Politecnico di Torino
Politecnico di Torino
Politecnico di Torino
Academic Year 2015/16
Mathematical analysis I
1st degree and Bachelor-level of the Bologna process in Automotive Engineering - Torino
1st degree and Bachelor-level of the Bologna process in Mechanical Engineering - Torino
1st degree and Bachelor-level of the Bologna process in Computer Engineering - Torino
Teacher Status SSD Les Ex Lab Tut Years teaching
Boieri Paolo       60 40 0 0 7
Boieri Paolo       60 40 0 0 7
SSD CFU Activities Area context
MAT/05 10 A - Di base Matematica, informatica e statistica
Subject fundamentals
This course represents a bridge between high school and college ways of teaching and learning.

The main goal of the course is to provide the students with tools to understand and elaborate logical arguments, from simple to more elaborate ones, and to introduce the elements of differential and integral calculus for functions of one variable with applications to ordinary differential equations of the first order and of the second order linear case.
Expected learning outcomes
Ability to follow a chain of logical arguments. Essentials of differential and integral calculus for functions of one variable. Computational ability.
Prerequisites / Assumed knowledge
Numbers, equations and inequalities, analytical geometry and trigonometry. First properties of elementary functions.
Preliminaries: sets and operations with sets. Numerical sets, maxima, minima and extrema. The completeness propertiy of real numbers and its consequences.
Functions: surjectivity and injectivity; composition of functions, inverse functions.
Functions of a real variable: elementary functions, monotone functions and inverse functions. (About 15 hours)

Limits and continuity: theory of limits of functions and sequences. Continuous functions and related theorems. Order and comparison theorems. Algebra of limits. Indeterminate forms. Local comparison of functions. Landau symbols. Infinite and infinitesimal functions. Order of an infinity and of an infinitesimal, principal part with respect to a test function. Asymptotes.
The number e. Fundamental trigonometric and exponential limits. Properties continuous functions on an interval: existence of zeros and of maxima and minima. (About 24 hours)

Derivatives: geometrical and physical meaning. Computation of derivatives. List of fundamental derivatives.
Derivatives and continuity. Lack of differentiability, extremal and critical points. Fermat Theorem.
Properties of differentiable functions on an interval and fundamental theorems of differential calculus (Rolle and Lagrange theorems) and their consequences. De L'H˘pital rule.
Taylor formula and fundamental MacLaurin formulas. Use of Taylor expansions in the local analysis of functions: comparison, extrema and convexity. (About 23 hours)
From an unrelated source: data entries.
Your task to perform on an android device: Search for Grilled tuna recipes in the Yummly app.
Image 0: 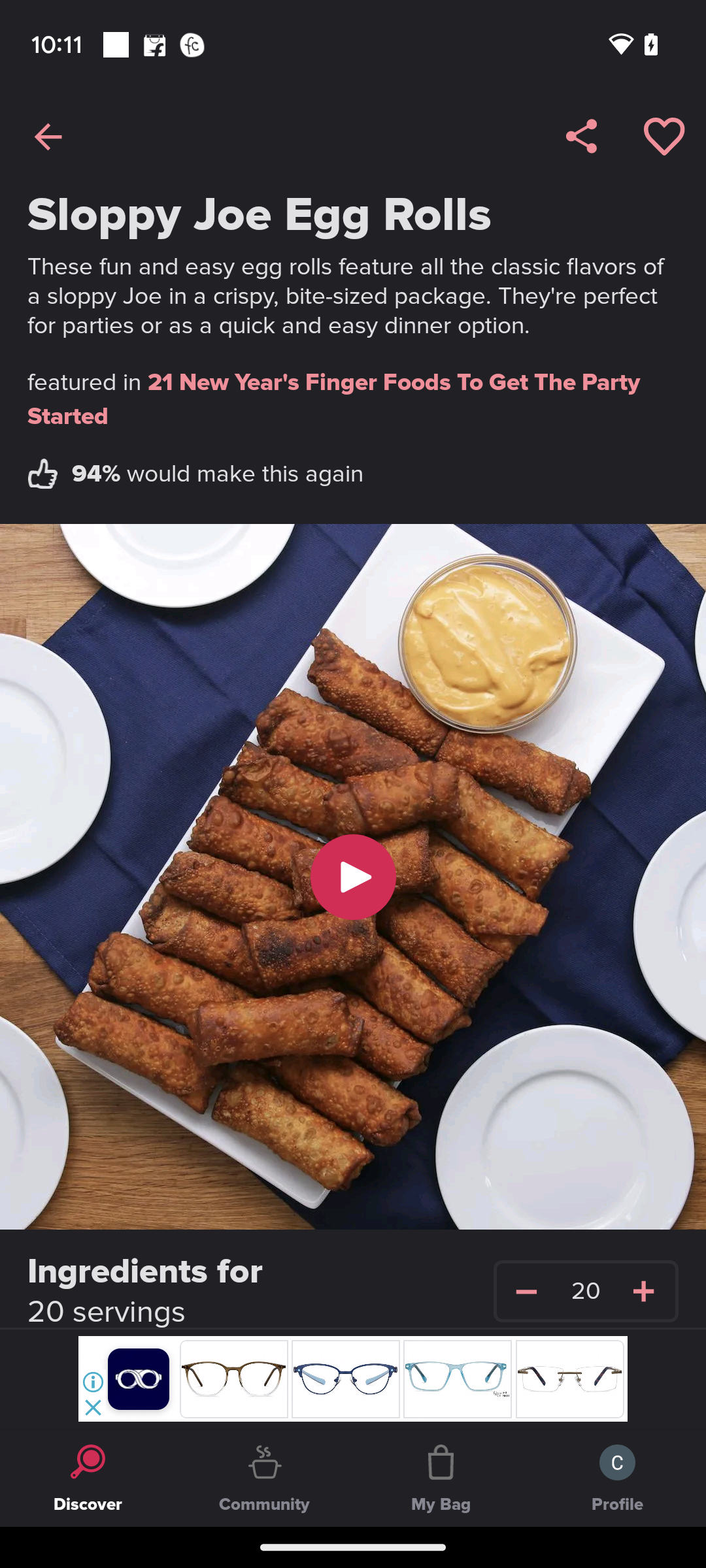
Open the yummly app.
Step 0: open app "Yummly"
Image 1: 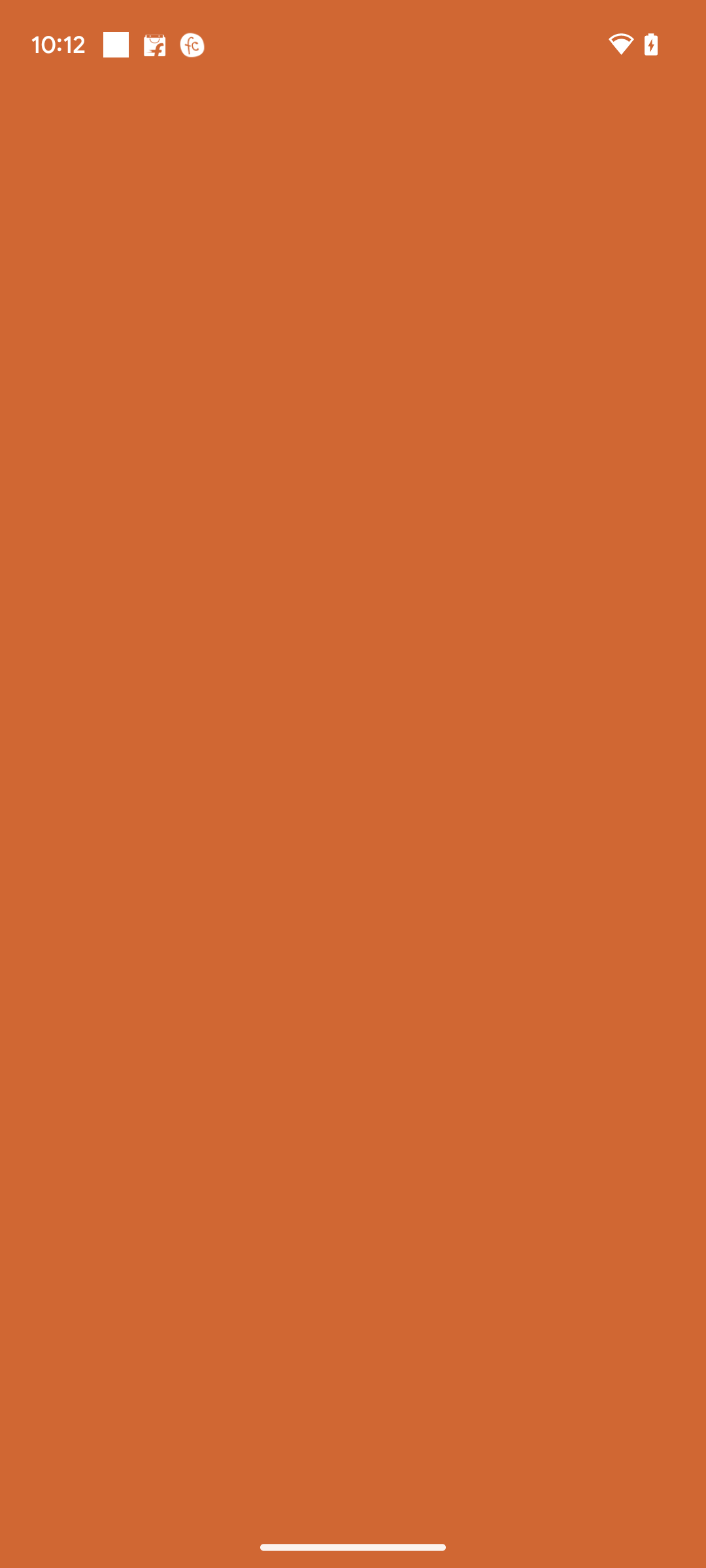
Open the yummly app.
Step 1: wait
Image 2: 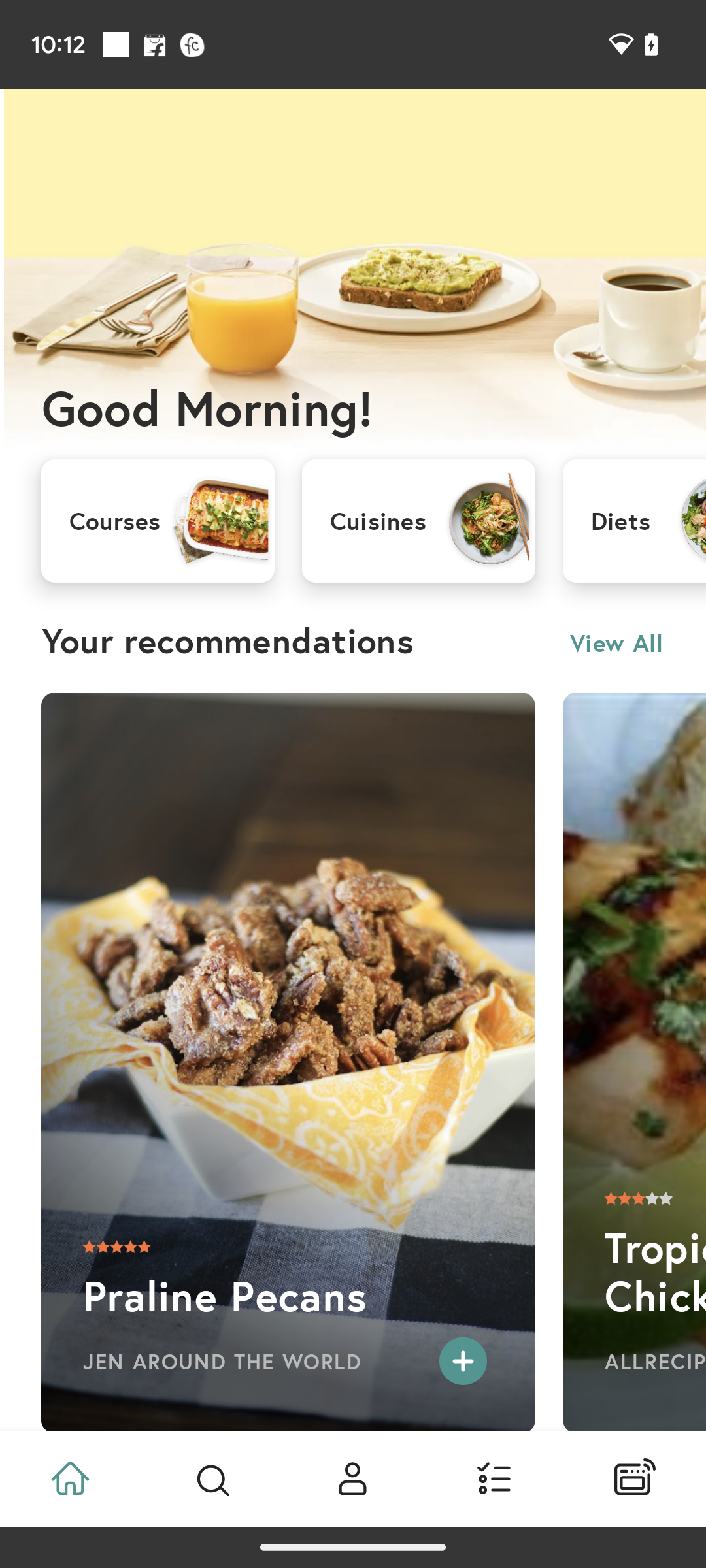
Click on the search box presented on the left side at the bottom of the page.
Step 2: click (212, 1478)
Image 3: 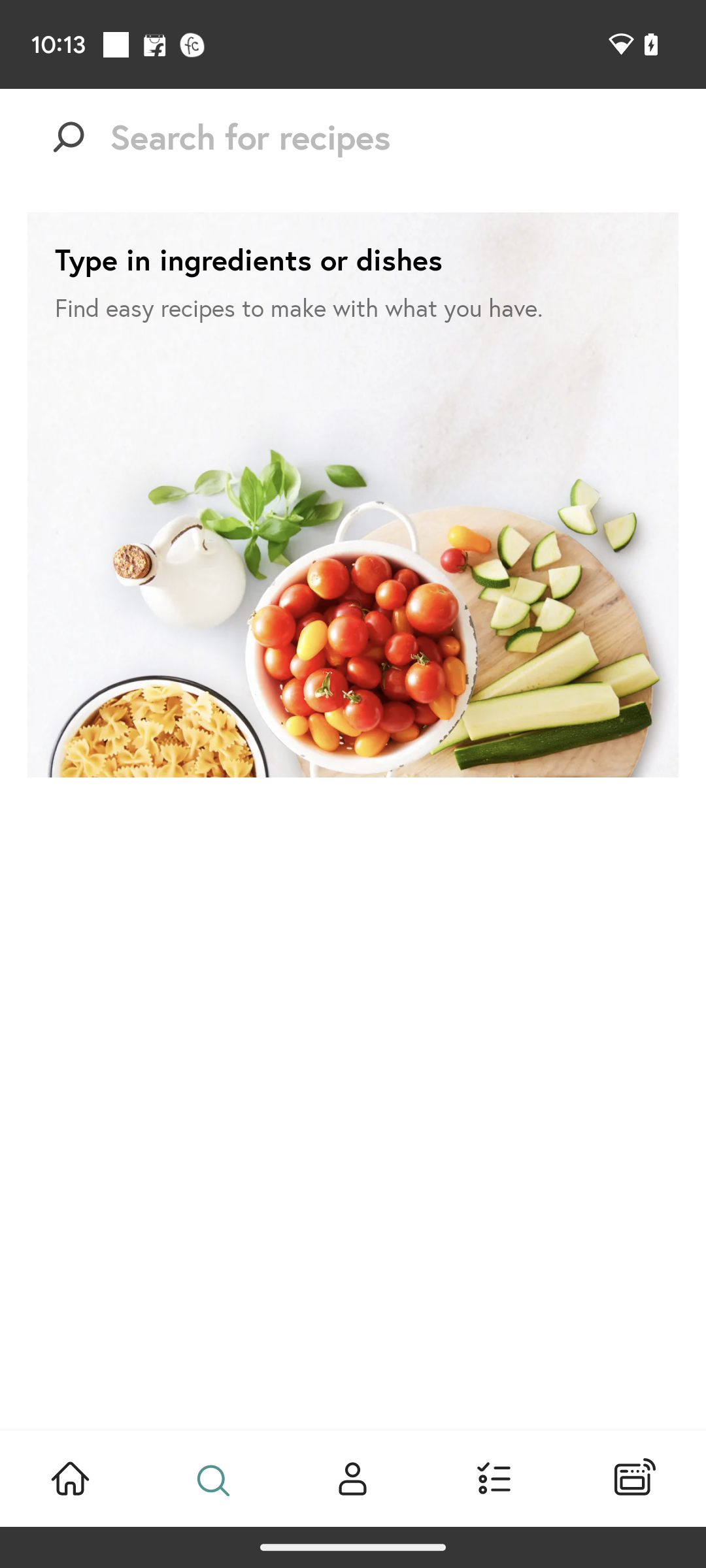
Click on the search box presented at the top.
Step 3: click (394, 137)
Image 4: 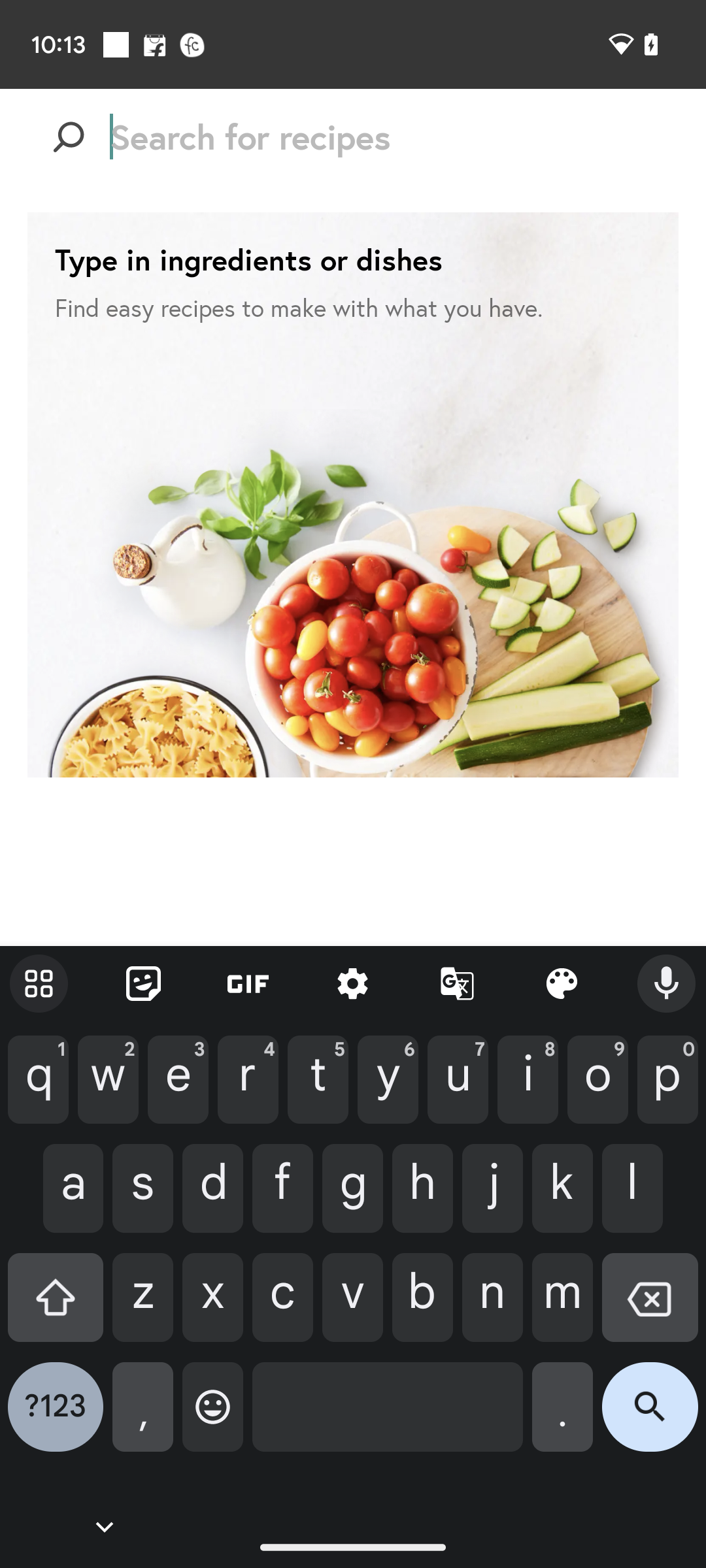
Type  Grilled Tuna pasta in the search box.
Step 4: type "Grilled Tuna Pasta"
Image 5: 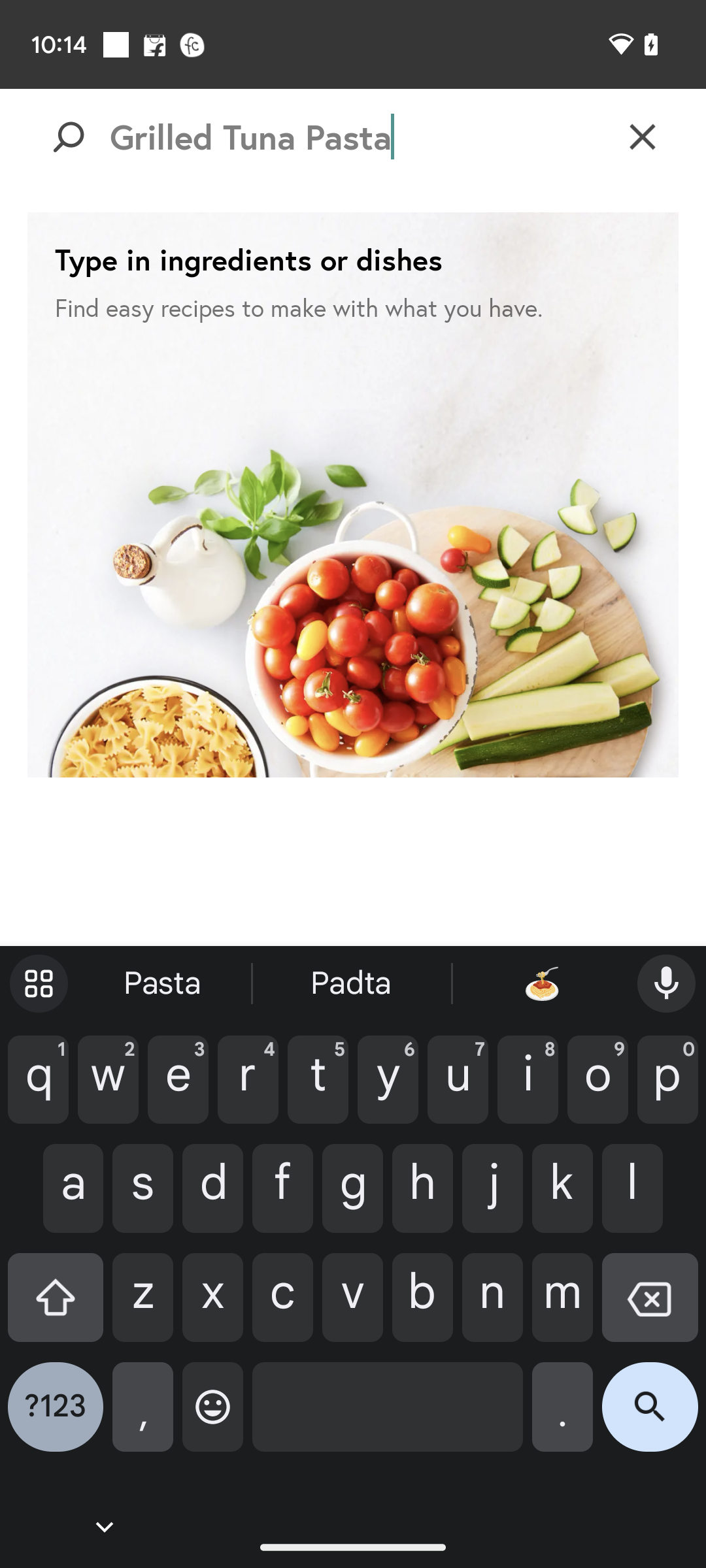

Primitives: rules of computation; primitives of rational functions. Indefinite integral.
Riemann integral and its properties. Classes of integrable functions. Integral mean value.
Fundamental theorem of integral calculus: relations between definite integrals and primitives.
Improper integrals: definitions and convergence tests. (About 21 hours)

Complex numbers and differential equations: algebraic and trigonometric forms of complex numbers. Real and imaginary parts, modulus and argument. Roots of complex numbers; Fundamental theorem of Algebra. Exponentials of complex numbers and Euler formulas.
Ordinary differential equations: Cauchy problem. First order ordinary differential equations, linear or with separable variables. Second order linear differential equations with constant coefficients. (About 17 hours)
Delivery modes
60 hours of theoretical classes and 40 hours of exercise classes.
Texts, readings, handouts and other learning resources
C. Canuto, A. Tabacco. Mathematical Analysis I. Springer-Verlag UTX, 2015.
Assessment and grading criteria
The exam consists of a test, a written part and, when required, of an oral part. The test (on computer, one hour long) consists of 20 multiple-choice questions of both theoretical and practical type. The maximum score achievable is 20. If the score is less than 10, the exam is failed, otherwise the student must take a written part of the exam (consisting of exercises and theory, one hour long). The sum of the scores of the test and of the written part is the final score of the exam, unless an oral part is required either by the teacher (or by the student, provided the final score is at least 18/30). In this case the final score will be based also on the oral part.